Task input ▸
Segment Open
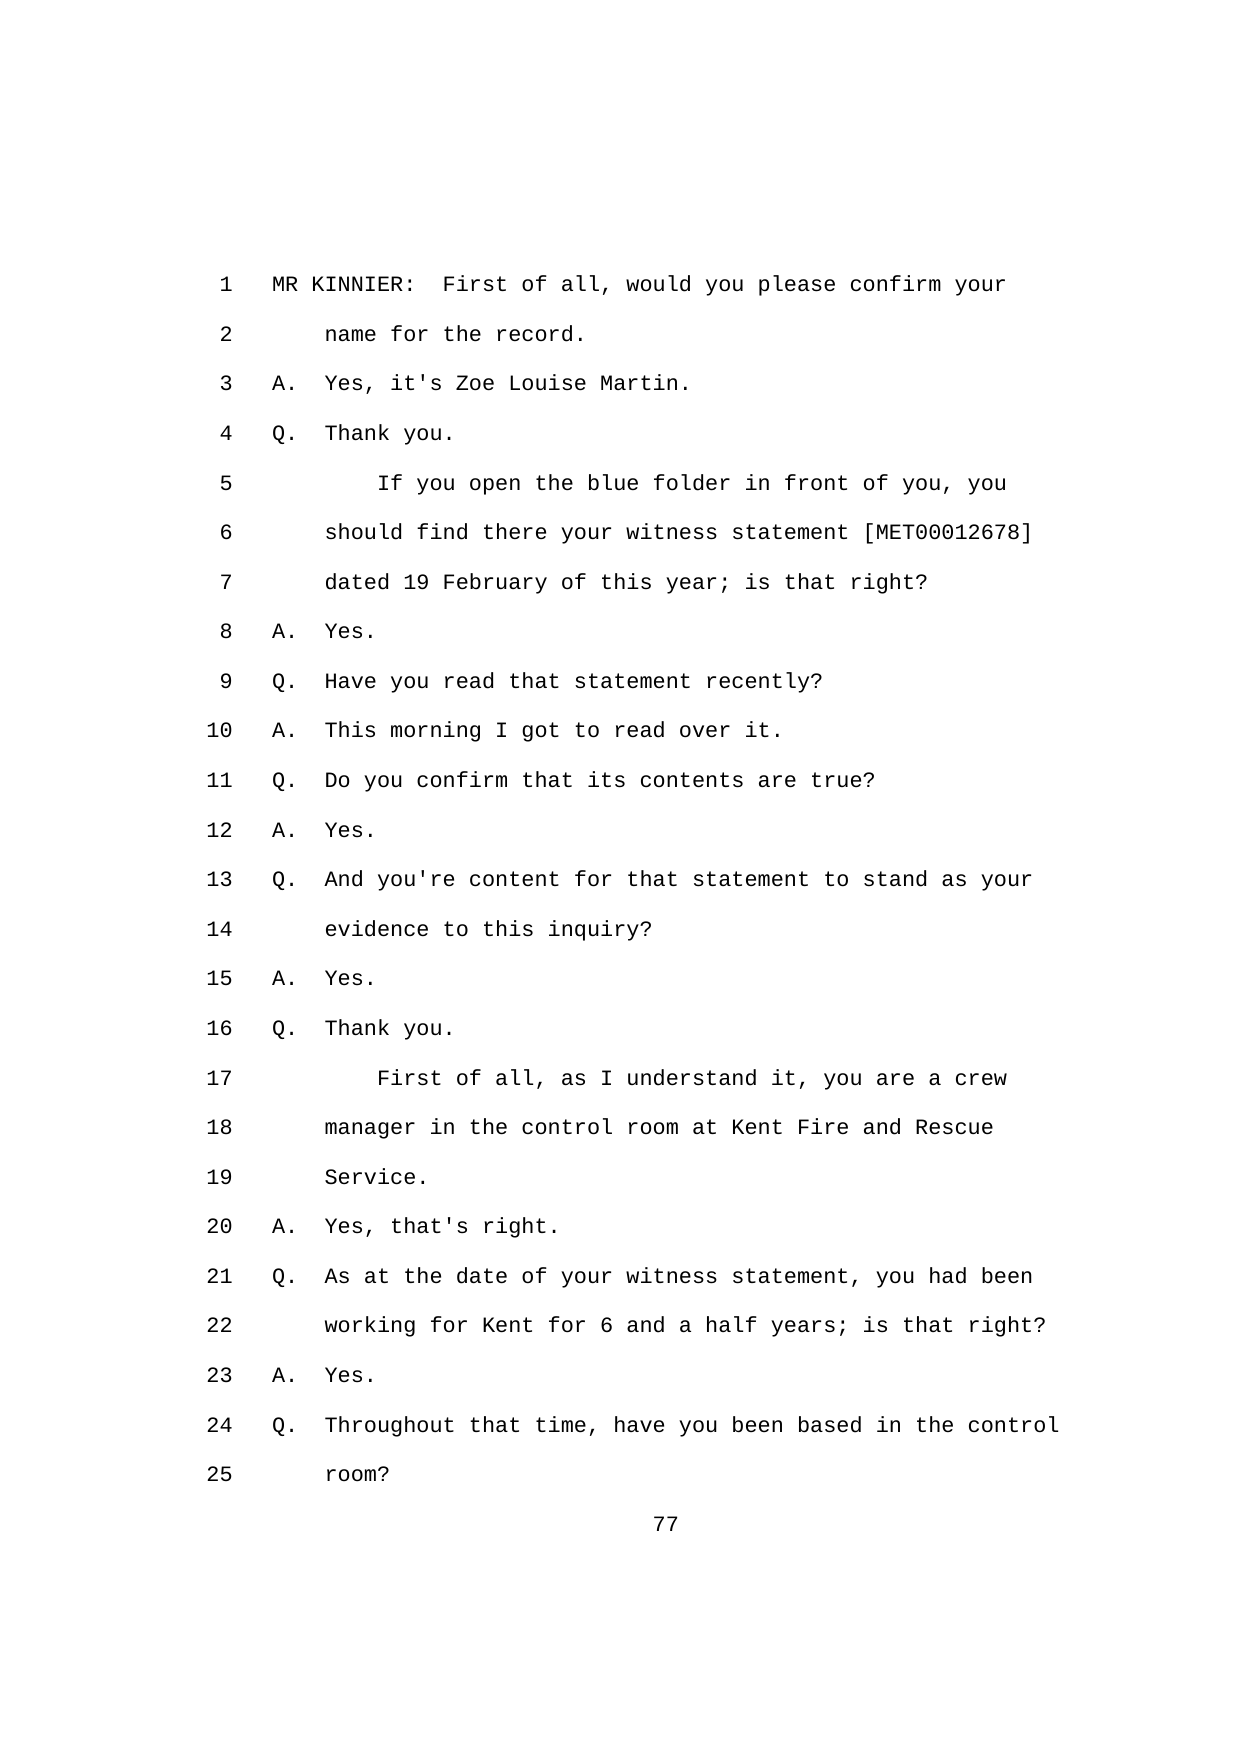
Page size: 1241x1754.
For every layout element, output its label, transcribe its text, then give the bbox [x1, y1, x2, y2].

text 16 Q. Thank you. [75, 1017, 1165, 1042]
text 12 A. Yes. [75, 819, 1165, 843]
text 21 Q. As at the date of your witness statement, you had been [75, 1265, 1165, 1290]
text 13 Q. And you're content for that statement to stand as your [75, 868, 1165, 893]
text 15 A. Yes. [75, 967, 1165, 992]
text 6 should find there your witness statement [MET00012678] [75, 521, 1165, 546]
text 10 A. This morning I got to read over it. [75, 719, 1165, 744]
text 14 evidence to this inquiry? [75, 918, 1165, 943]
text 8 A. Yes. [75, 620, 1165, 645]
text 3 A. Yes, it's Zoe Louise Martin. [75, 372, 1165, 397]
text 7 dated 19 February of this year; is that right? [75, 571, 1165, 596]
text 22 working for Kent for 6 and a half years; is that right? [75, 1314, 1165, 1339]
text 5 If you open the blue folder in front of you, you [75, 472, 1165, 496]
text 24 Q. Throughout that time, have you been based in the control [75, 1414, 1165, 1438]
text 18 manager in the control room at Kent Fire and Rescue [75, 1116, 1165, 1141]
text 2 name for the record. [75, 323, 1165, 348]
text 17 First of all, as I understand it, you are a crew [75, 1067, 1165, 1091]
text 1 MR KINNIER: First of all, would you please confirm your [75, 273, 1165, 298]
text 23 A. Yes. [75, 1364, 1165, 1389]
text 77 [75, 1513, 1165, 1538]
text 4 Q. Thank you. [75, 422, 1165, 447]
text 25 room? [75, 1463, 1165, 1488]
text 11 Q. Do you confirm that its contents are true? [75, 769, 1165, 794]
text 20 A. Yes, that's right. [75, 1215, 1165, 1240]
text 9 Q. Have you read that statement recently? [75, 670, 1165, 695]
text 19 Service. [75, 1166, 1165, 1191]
Segment Closed
Segment Open
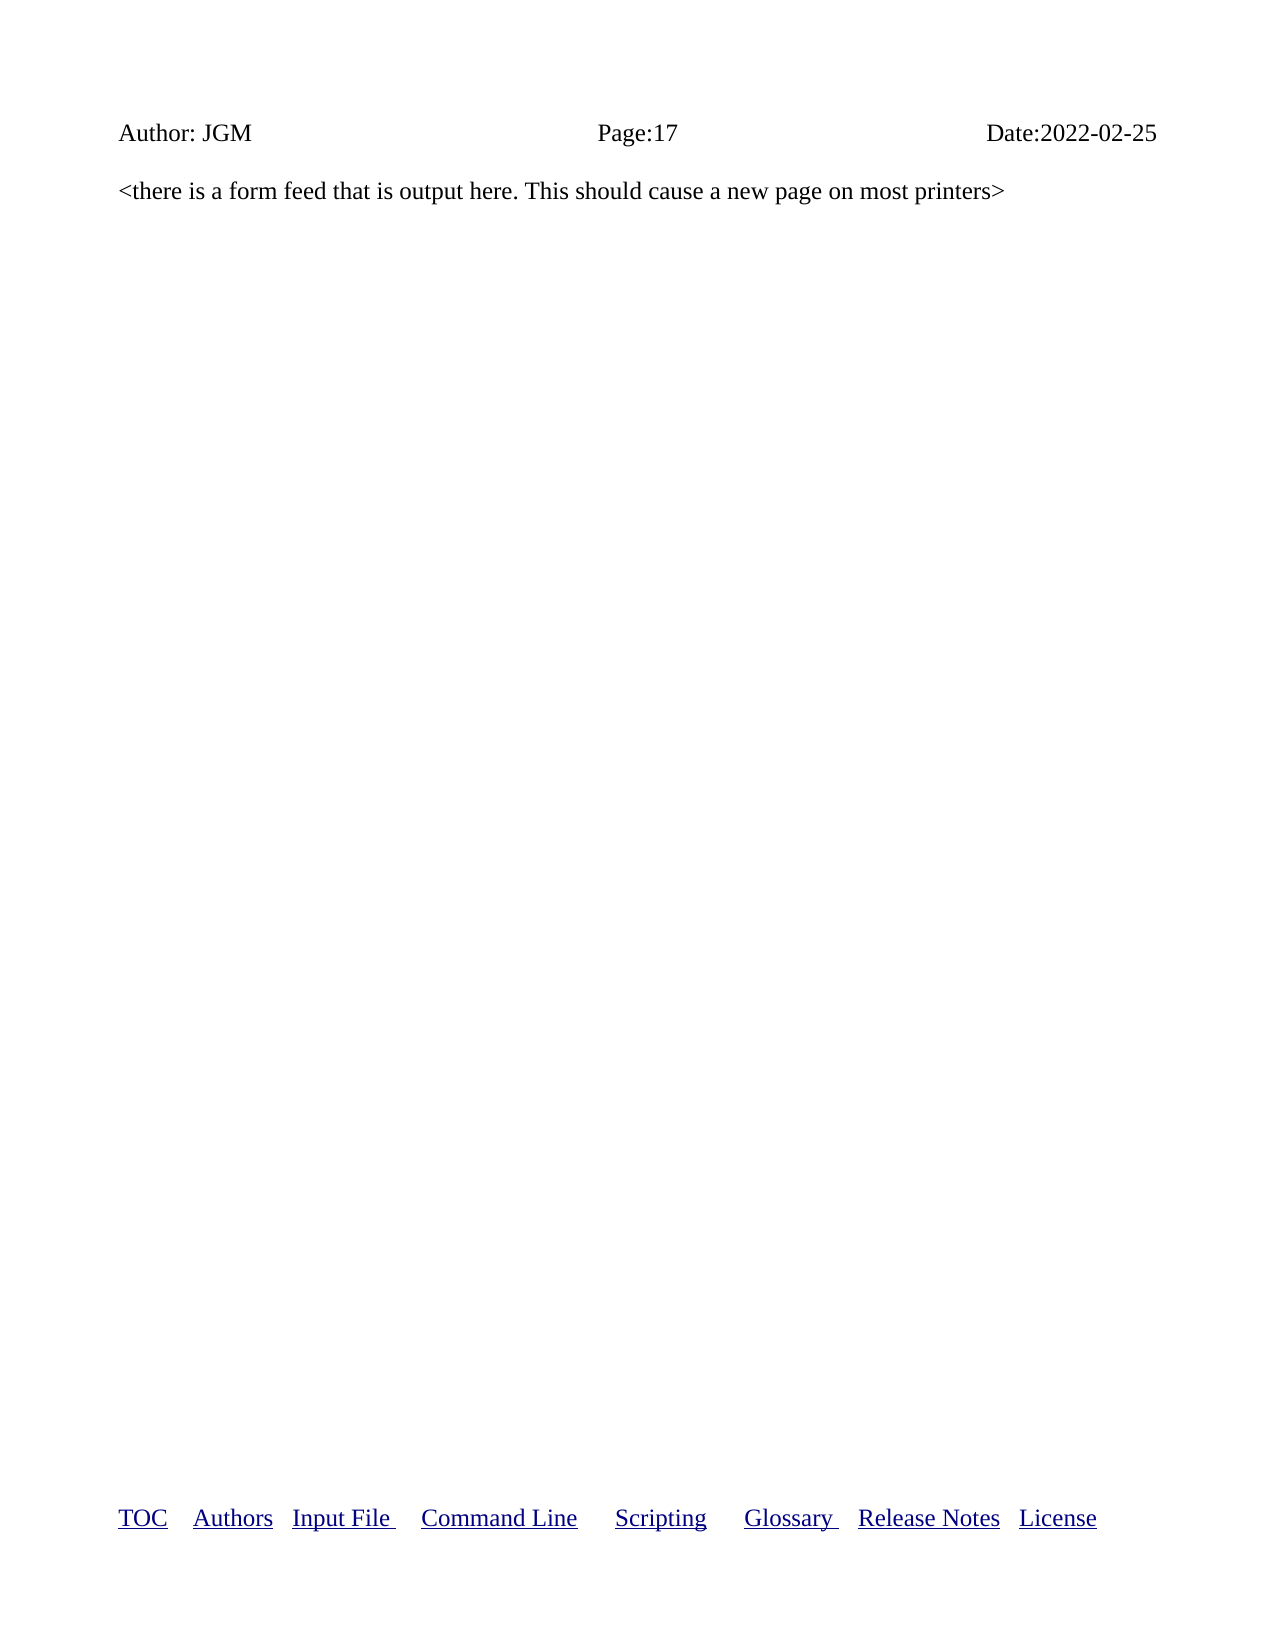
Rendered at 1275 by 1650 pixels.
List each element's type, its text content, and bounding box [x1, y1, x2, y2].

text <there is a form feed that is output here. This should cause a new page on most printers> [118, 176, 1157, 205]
Segment Closed
Segment Open
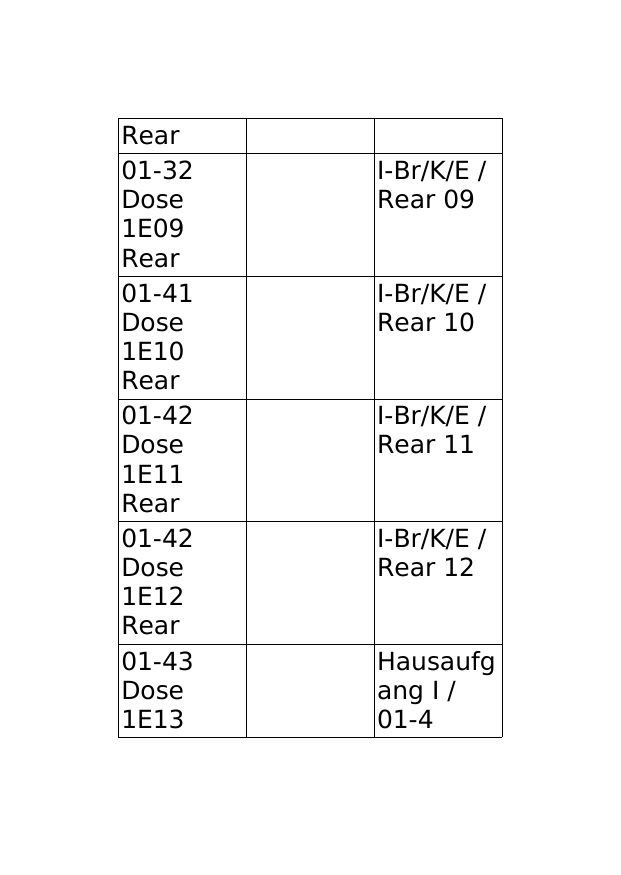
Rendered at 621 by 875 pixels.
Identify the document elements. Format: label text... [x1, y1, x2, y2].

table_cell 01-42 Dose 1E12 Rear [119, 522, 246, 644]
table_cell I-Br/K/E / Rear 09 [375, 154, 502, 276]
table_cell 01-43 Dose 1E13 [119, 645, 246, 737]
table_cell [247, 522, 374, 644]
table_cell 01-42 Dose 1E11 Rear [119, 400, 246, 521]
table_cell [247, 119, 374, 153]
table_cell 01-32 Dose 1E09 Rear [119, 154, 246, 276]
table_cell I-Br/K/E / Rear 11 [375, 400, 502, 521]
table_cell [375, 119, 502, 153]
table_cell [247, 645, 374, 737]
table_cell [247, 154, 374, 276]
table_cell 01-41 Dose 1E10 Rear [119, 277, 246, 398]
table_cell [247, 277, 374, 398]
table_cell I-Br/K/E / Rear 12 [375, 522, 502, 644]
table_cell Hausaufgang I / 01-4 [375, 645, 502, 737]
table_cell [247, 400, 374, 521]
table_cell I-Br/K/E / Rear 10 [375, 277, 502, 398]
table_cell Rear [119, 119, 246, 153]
Segment Closed
Problem details ▸
Provide the count, and nothing else, of lines in the data above where the word "pixels" occurs.

Answer for the task ▸
2